Moriranno ancora cristiani, missionari o semplici fedeli, occidentali. Continueremo a registrare le cifre drammatiche dei massacri consumati ovunque la Cristianità abbia piantato radici: tenendo conto che nell’Oriente Vicino ed Estremo e nel Continente Nero ci sono milioni di essenzialisti pronti a morire in nome del loro Dio (che è diverso dal mio), mentre in Occidente si è pronti a sopravvivere prevaricando con semantiche stortignaccole su civiltà, cultura, ideali e altre minuterie, a patto che sia fatto salvo il grafico della crescita economica e produttiva. Allora, che saranno mai duecento milioni di cristiani discriminati e/o perseguitati, in grandissima parte da islamici legati a concezioni giurassiche del diritto, a scansioni tribali invalicabili, alla “sottomissione religiosa” sostenuta dalle armi invece che con la predicazione? Hanno qualcosa da dire le porpore che si ispirano alla limitata forza culturale e alla umanamente ed ecclesiasticamente rispettabile, ma incerta, confusa sapienza di maestro di un Giovanni XXIII, semmai rinnovatore, ma non certo riformatore della Chiesa cattolica?
E’ vero: l’Islam non ha soltanto bin Laden, ha avuto anche Averroè e gli altri filosofi (genericamente) arabi, i grandi aristotelici senza i quali probabilmente non sarebbero cresciuti né Tommaso D’Aquino né Anselmo di Canterbury né Bonaventura né Duns Scoto né altri spiriti magni del Medioevo. Ma è altrettanto vero che sul piano delle grandi correnti ideologiche, politiche ed ecclesiali, l’Europa ha avuto Lord Acton e, anche, John Henry Newman, britannici; Lacordaire, Montalembert, Lamennais e Ozanam, francesi; Cesare Balbo, Manzoni, Tommaseo, Rosmini, Gino Capponi, il poco fortunato Romolo Murri e il più fortunato Luigi Sturzo, in Italia. Cioè: ci sono anche radici europee che affondano meno nella tradizione della Rivoluzione francese e ancor meno in quella idealistica tedesca, e molto di più nelle teorie sullo Stato e sulla società di Locke, negli ideali della Rivoluzione britannica e soprattutto in quelli cristiani e democratici della Rivoluzione americana. In un terreno, insomma, nel quale è totale la libertà religiosa, e netta è la separazione tra Stato e Chiesa. Con la Chiesa, comunque, disarmata. E con lo Stato che è tenuto a difendere la propria civiltà e cultura.

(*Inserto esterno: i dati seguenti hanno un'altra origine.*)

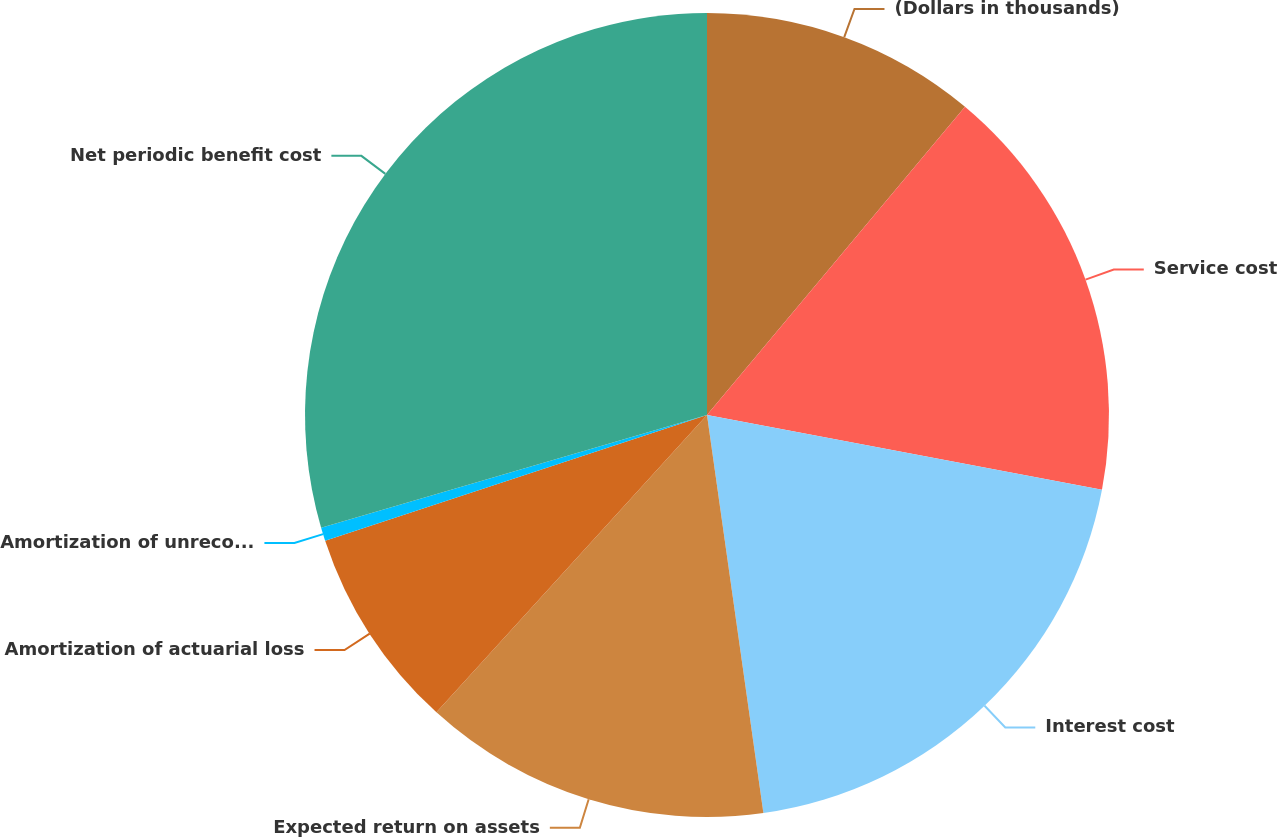Convert chart. <chart><loc_0><loc_0><loc_500><loc_500><pie_chart><fcel>(Dollars in thousands)<fcel>Service cost<fcel>Interest cost<fcel>Expected return on assets<fcel>Amortization of actuarial loss<fcel>Amortization of unrecognized<fcel>Net periodic benefit cost<nl><fcel>11.09%<fcel>16.89%<fcel>19.78%<fcel>13.99%<fcel>8.19%<fcel>0.54%<fcel>29.52%<nl></chart>

Il che, com’è noto, nell’Islam non è stato, e non è. Mullah chiusi alla conoscenza del mondo, interpretando la shari’ah, incrociano sure e scimitarre, versetti e armi automatiche, fra moschee e santuari del terrore. E’ il volto sanguinario di una religione stravolta dai Dottori della Legge, il versante feroce di un monoteismo ambiguamente manipolato, sofisticamente proposto dai suoi intellettuali ortodossi, ostinatamente imposto, nella visione apocalittica di un finale scenario da Armageddon. Perché ad Allah, e solo ad Allah, appartengono il cielo e la terra. O no?